Aku membuang muka, meninggalkannya yang langsung bengong. Aku yakin senyumnya seketika langsung menghilang. Tak sampai sepuluh menit, aku sudah sampai di ruangan. Aroma wangi menguar dari segala penjuru. Menenangkan. Sepagi ini sudah ada yang harus kukerjakan. Tanpa alasan sedang puasa, pekerjaan tetaplah pekerjaan. Meskipun masih sepi, tapi bukan alasan untuk menenggelamkan diri dengan kemalasan.

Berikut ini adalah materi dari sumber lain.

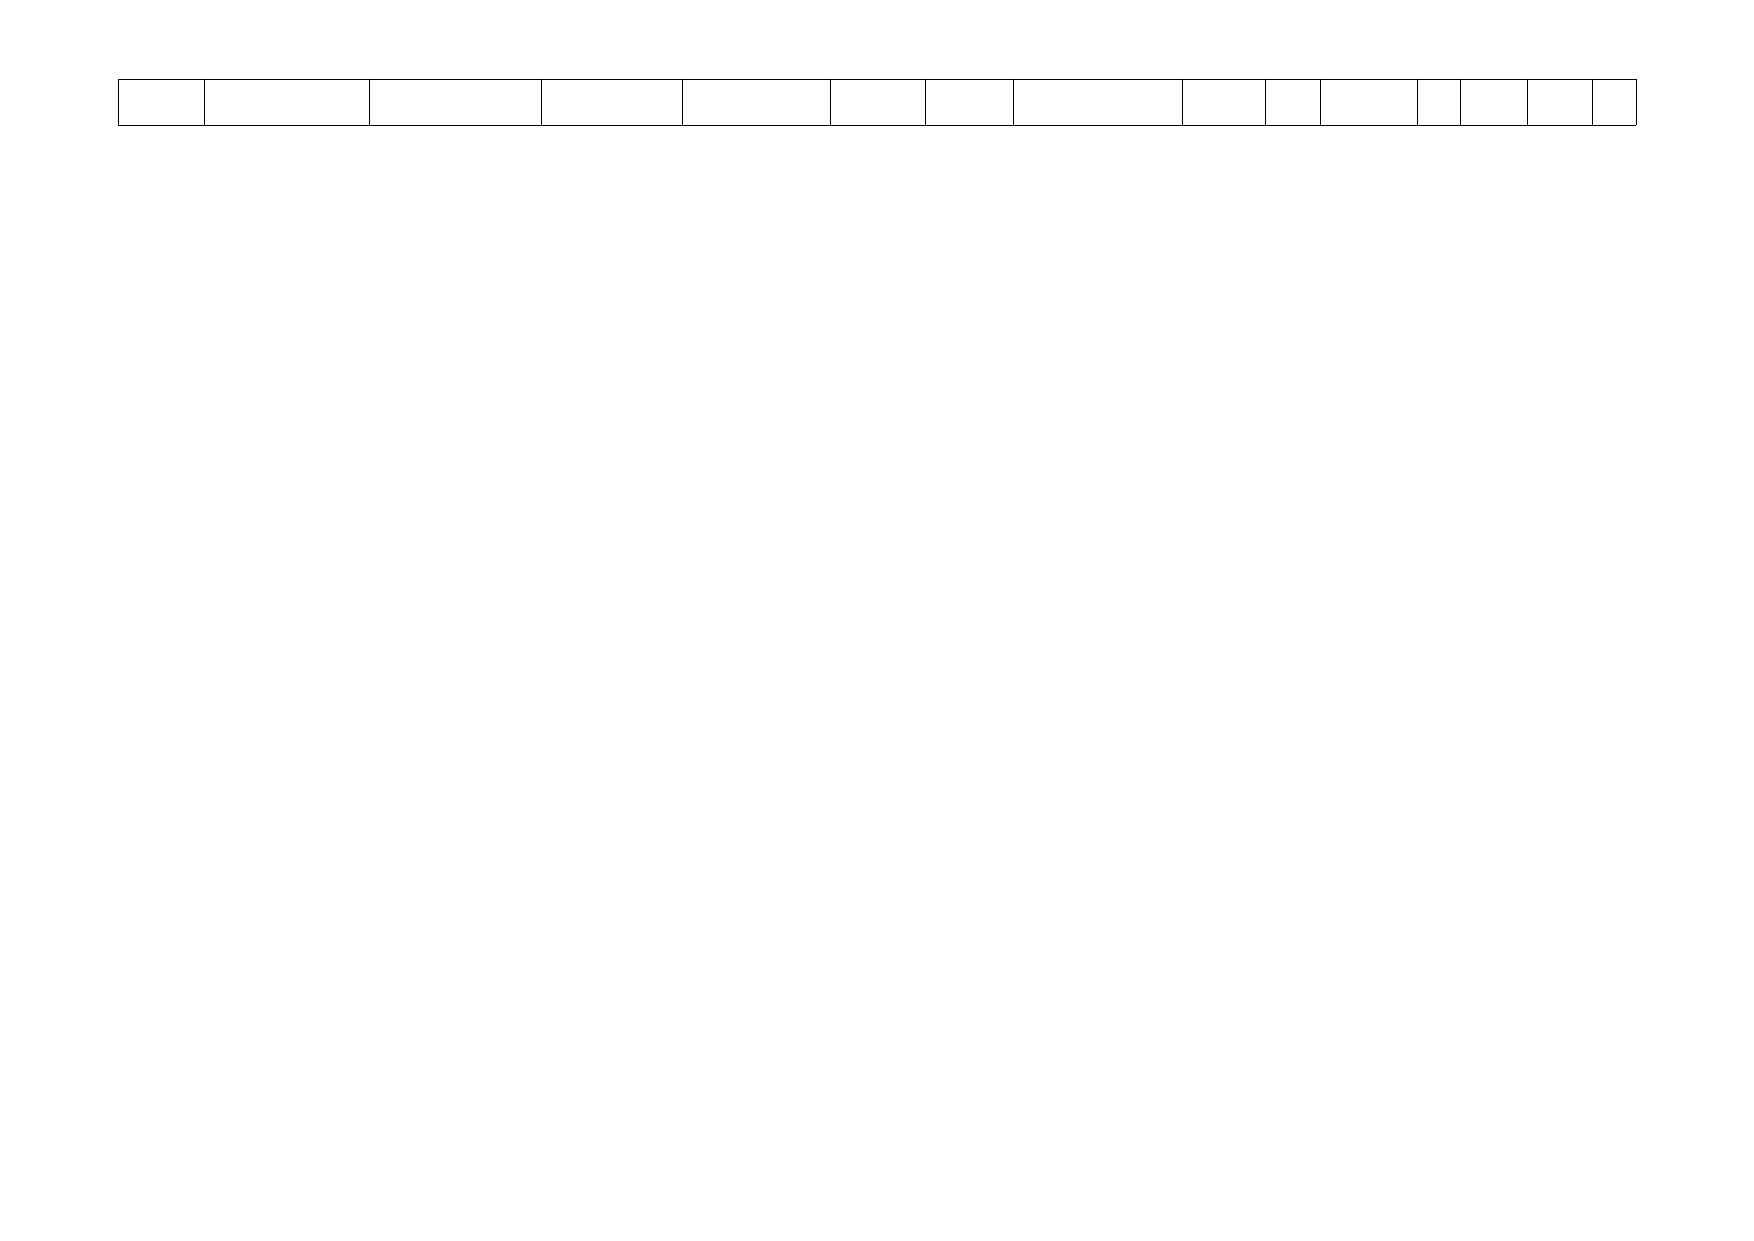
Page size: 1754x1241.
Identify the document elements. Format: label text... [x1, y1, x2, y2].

Aku berhenti tepat di samping meja kerjaku. Ada sesuatu yang membuatnya tampak berbeda. Seikat bunga mawar biru, teronggok begitu saja di sana. Ini bukan pertama kalinya memang. Tapi, tetap saja membuatku terkejut. Terakhir kali aku mendapatkannya sebelum aku putus dengan Randy — sekarang sudah menikah dengan teman kantornya — setahun lalu. Tangan kananku refleks meraih bunga itu. Mawar biru. Bunga yang sepagi ini telah membangkitkan mood booster-ku. Tanpa kusadari, aku pun tersenyum. Hanya seperti itu. Selebihnya, aku memilih langsung mengutak-atik beberapa berkas aplikasi baru sisa hari Jumat yang lalu. Belum sempat aku proses, karena memang waktunya mepet.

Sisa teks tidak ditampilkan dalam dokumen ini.